Integrating BioMEMS and Biomedical Microsystems into Electrical Engineering Education: A Three-Year Pilot Study

Abstract

Micromachining or microelectromechanical systems (MEMS) technologies are considered an enabling technology having revolutionary impact on many areas of science and engineering. MEMS technologies are now being applied to health monitoring, diagnosis and therapeutic applications, which are frequently referred to as BioMEMS or Biomedical Microsystems. Biomedical Microsystems research includes biological, biomedical, biochemical, and pharmaceutical analysis and synthesis using MEMS-based microsensors and microsystems. At the University of Cincinnati the state-of-the-art emerging MEMS and BioMEMS research was integrated within the graduate and undergraduate electrical engineering curricula.

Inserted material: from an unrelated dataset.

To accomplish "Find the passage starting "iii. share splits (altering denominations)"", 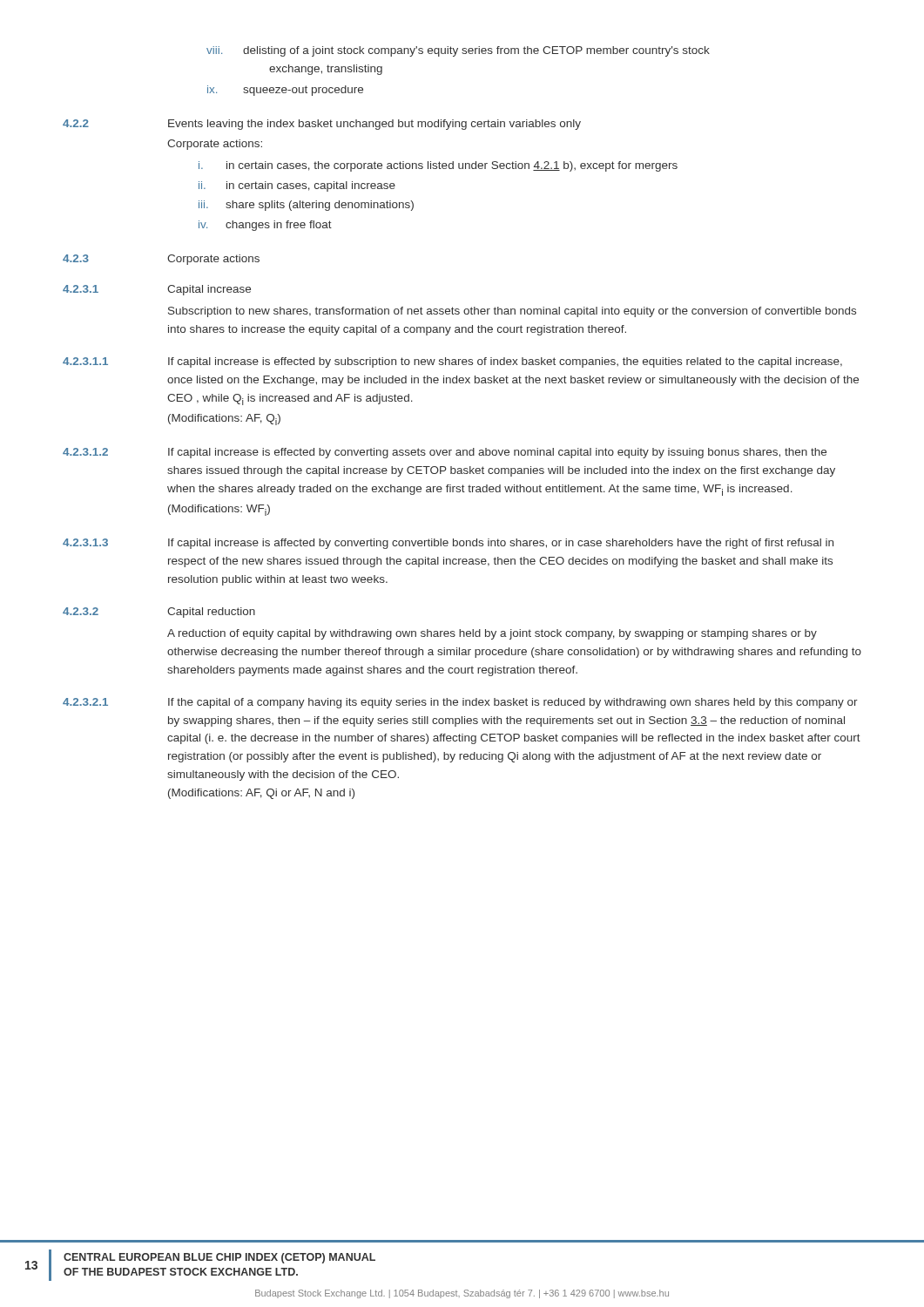I will click(306, 206).
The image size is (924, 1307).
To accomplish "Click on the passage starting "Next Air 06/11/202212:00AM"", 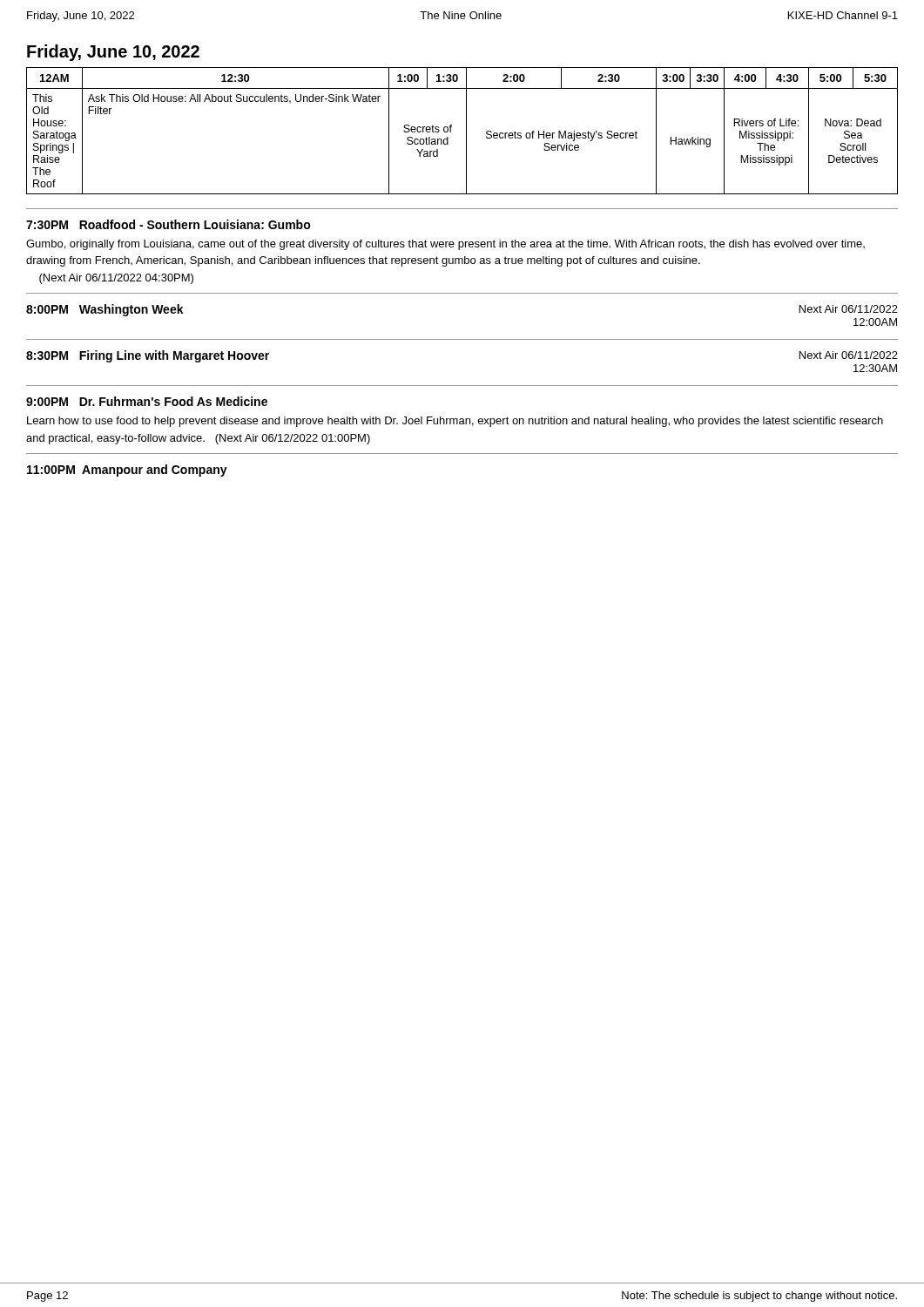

For the past three years a novel course Introduction to Biomedical Microsystems was offered. In these first three course offerings, enrollment has spread beyond the initial target audience of the Department of Electrical and Computer Engineering, and now includes students from mechanical engineering, environmental engineering, computer engineering, and biomedical engineering. Course evaluations over the past three years suggest that the course was successful for a number of reasons. The use of research articles to supplement lecture materials worked effectively, providing undergraduate students with a real world perspective. Reading assignments, discussions of research papers, and short quizzes at the beginning of lectures were used to test understanding of concepts. This was also done to ensure that students were not overwhelmed by the multidisciplinary material or the course pace. The results of the three-year pilot program are encouraging, and suggest that the approaches followed in this course could be adapted to introduce engineering students to advanced multidisciplinary research topics from many fields of science and engineering.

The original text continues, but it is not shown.